# H&r Model 732 32 S&w



## DIGGERDAVE

Hi, I am new to this site and would like to say hello to all! I will admit that I am not very knowledgeable about firearms . the reason that I am posting this is because I have a question about a revolver that I just inhereted from my late grandfather. the revolver is a H&R model 732 in 32 S&W with a 3 3/8 " barrel. the question is, I was given several boxes of ammo with this gun, some short and some long. the gun does not say 32 S&W L, but the longs will fit in the gun. will the longs work in this gun or will it blow up in my face? any help with this would be greatly appreciated. thanks, Dave


----------



## Baldy

Welcome from down in the swamp Digger. About your question. Revolver or somebody will be along to answer it for you.
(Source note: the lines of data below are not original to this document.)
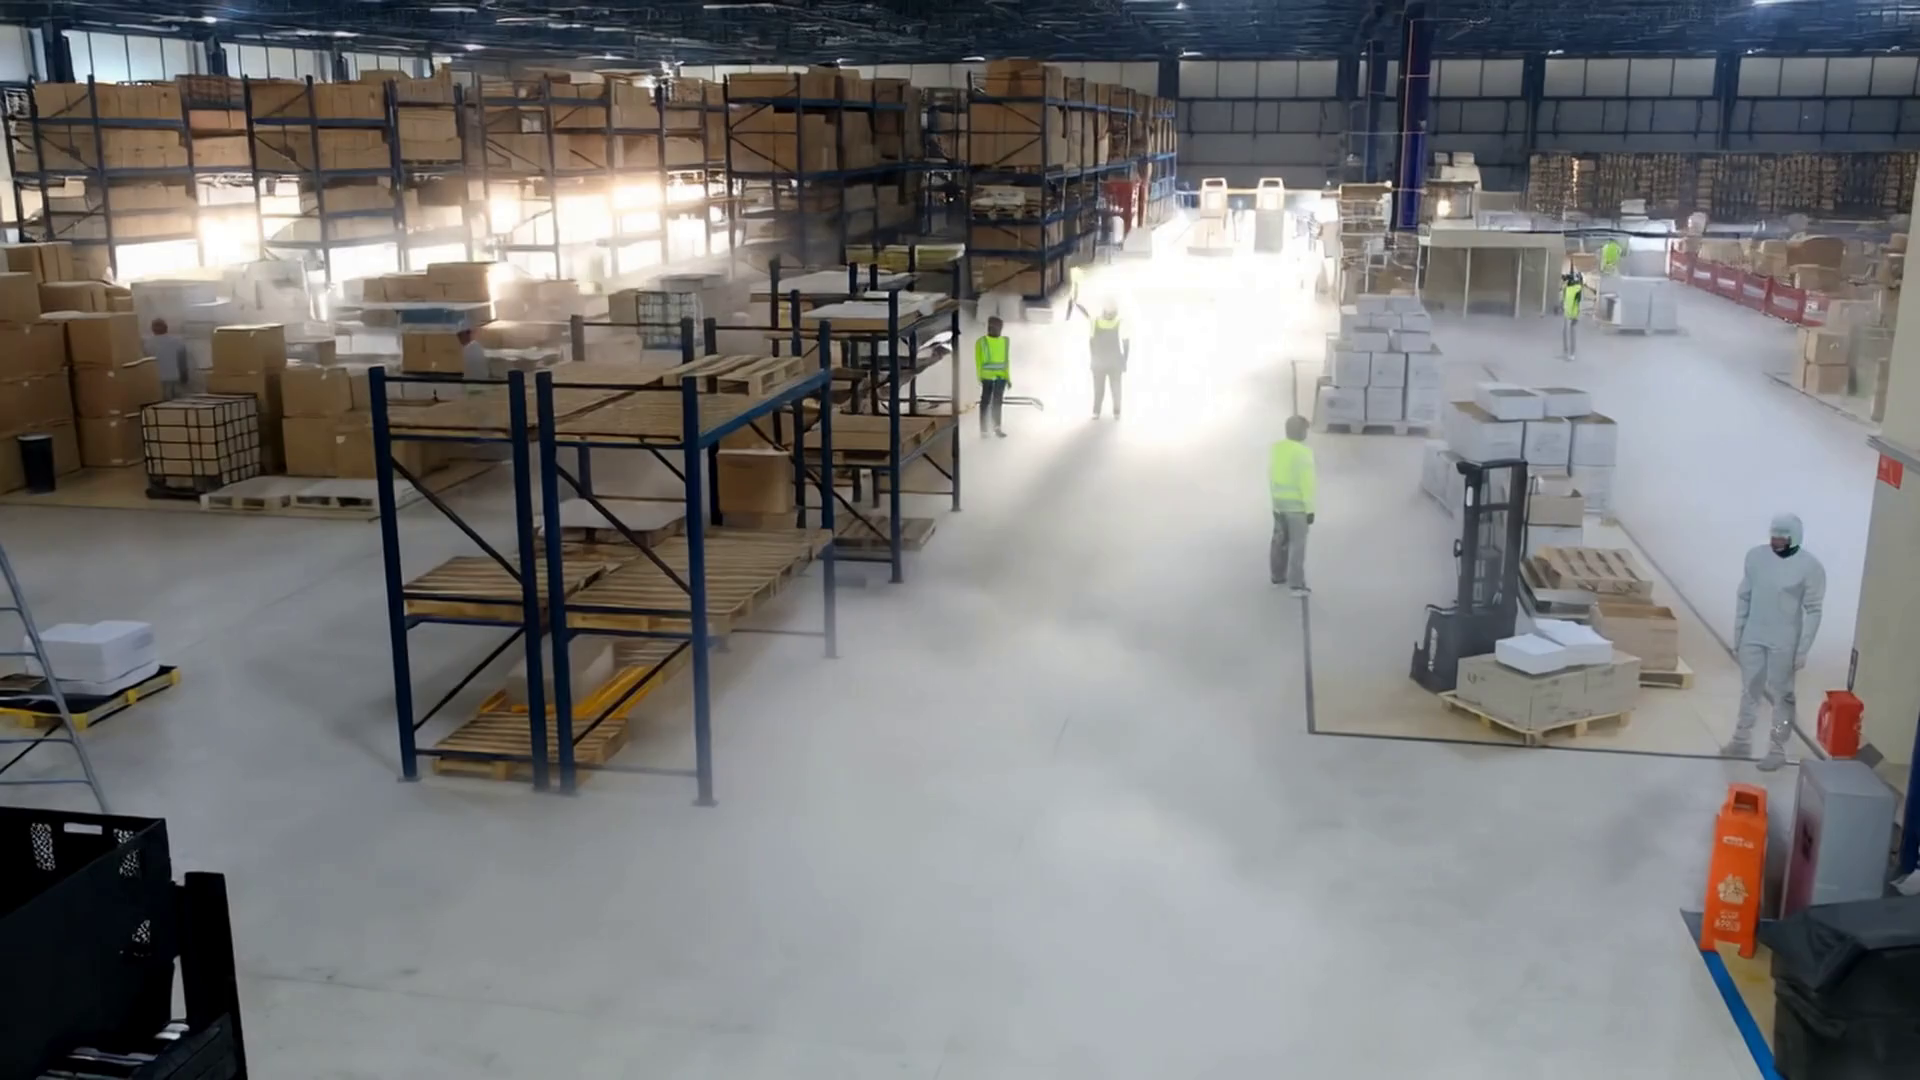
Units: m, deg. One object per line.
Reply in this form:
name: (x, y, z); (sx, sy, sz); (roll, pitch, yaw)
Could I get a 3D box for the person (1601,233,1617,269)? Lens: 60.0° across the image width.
person: (19.577, -8.451, 50.145); (0.516, 1.607, 0.334); (-7, 16, -27)

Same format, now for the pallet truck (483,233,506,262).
pallet truck: (-11.832, -7.026, 43.548); (1.885, 1.965, 0.823); (8, 16, 28)

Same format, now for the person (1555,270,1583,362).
person: (12.412, -4.558, 33.798); (0.310, 1.864, 0.532); (-4, 14, -16)

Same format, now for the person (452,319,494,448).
person: (-7.197, -2.309, 24.602); (0.528, 1.895, 0.604); (-2, 14, -8)

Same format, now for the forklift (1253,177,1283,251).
forklift: (12.083, -12.747, 64.956); (1.129, 2.768, 1.873); (3, 14, 10)

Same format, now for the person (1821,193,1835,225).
person: (41.353, -15.676, 79.090); (1.004, 1.790, 0.575); (5, 15, 18)

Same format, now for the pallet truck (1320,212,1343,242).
pallet truck: (15.874, -13.227, 70.310); (0.680, 1.201, 1.601); (10, 17, 35)

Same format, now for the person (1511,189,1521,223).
person: (27.099, -16.189, 81.111); (0.430, 1.820, 0.618); (2, 14, 7)

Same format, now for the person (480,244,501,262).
person: (-11.893, -6.630, 42.390); (0.973, 1.789, 0.628); (10, 17, 34)

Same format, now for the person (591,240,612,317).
person: (-8.999, -6.498, 41.522); (0.722, 1.934, 0.647); (-4, 14, -17)

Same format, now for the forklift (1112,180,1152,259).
forklift: (6.082, -11.722, 60.796); (1.873, 2.768, 1.129); (2, 14, 9)

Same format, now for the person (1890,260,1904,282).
person: (20.044, -5.060, 35.757); (0.966, 1.893, 0.564); (1, 14, 3)

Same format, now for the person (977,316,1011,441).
person: (0.514, -2.455, 25.223); (0.572, 1.883, 0.355); (-8, 16, -28)

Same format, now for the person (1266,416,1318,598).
person: (3.354, -0.338, 16.730); (0.429, 1.838, 0.621); (-8, 16, -31)

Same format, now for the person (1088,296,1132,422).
person: (2.379, -2.910, 26.748); (0.681, 2.000, 0.536); (7, 16, 27)

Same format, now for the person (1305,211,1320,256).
person: (13.139, -11.398, 61.947); (0.559, 1.670, 0.672); (2, 14, 6)

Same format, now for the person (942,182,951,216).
person: (-0.746, -18.735, 91.247); (0.563, 1.913, 0.634); (2, 14, 9)

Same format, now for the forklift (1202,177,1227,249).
forklift: (9.950, -12.824, 65.271); (1.129, 2.768, 1.873); (3, 14, 10)

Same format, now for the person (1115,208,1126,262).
person: (5.747, -10.878, 59.347); (0.418, 1.921, 0.568); (1, 14, 5)

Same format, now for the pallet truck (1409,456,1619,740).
pallet truck: (4.504, 0.400, 13.395); (0.823, 1.965, 1.885); (-6, 15, -23)

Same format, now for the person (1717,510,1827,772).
person: (5.951, 0.729, 12.181); (0.371, 1.940, 0.627); (-8, 16, -30)

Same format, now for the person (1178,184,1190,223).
person: (11.355, -17.095, 84.465); (0.623, 1.976, 0.760); (1, 14, 5)

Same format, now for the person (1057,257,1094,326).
person: (2.812, -5.964, 39.959); (0.853, 1.647, 0.559); (3, 14, 14)

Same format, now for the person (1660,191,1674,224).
person: (32.153, -14.918, 75.741); (0.613, 1.926, 0.694); (2, 14, 6)

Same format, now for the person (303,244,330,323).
person: (-15.702, -6.257, 40.611); (0.587, 1.911, 0.397); (-7, 15, -26)

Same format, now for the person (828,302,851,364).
person: (-2.424, -4.356, 33.444); (0.546, 1.625, 0.357); (7, 16, 27)

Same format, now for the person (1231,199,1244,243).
person: (11.614, -13.376, 69.696); (0.405, 1.823, 0.591); (-11, 18, -38)

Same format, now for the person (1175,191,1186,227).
person: (10.766, -16.146, 81.081); (0.552, 1.749, 0.438); (2, 14, 8)

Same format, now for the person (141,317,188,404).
person: (-11.851, -2.387, 24.902); (0.889, 1.914, 0.637); (12, 19, 41)

I am not that familure with the real old revolvers to say yea or nay. If by chance it doesn't get answered go here and sign up. These guys know all about the S&W's.
http://smith-wessonforum.com/eve


----------



## Revolver

The longs will work. The shorts are considerably harder to find as they're more "obsolete". The ammunition is pretty costly off the shelf but affordable if you reload. Avoid using .32 H&R Magnums. It's a cartridge that came after the production of the 732.

The revolver isn't worth much and the cartridge isn't the best of defensive rounds there are. It's not the smoothest revolver going either. If you want to shoot it, you should reload for it. If you have no real plans for it, I'd just hang onto it.


----------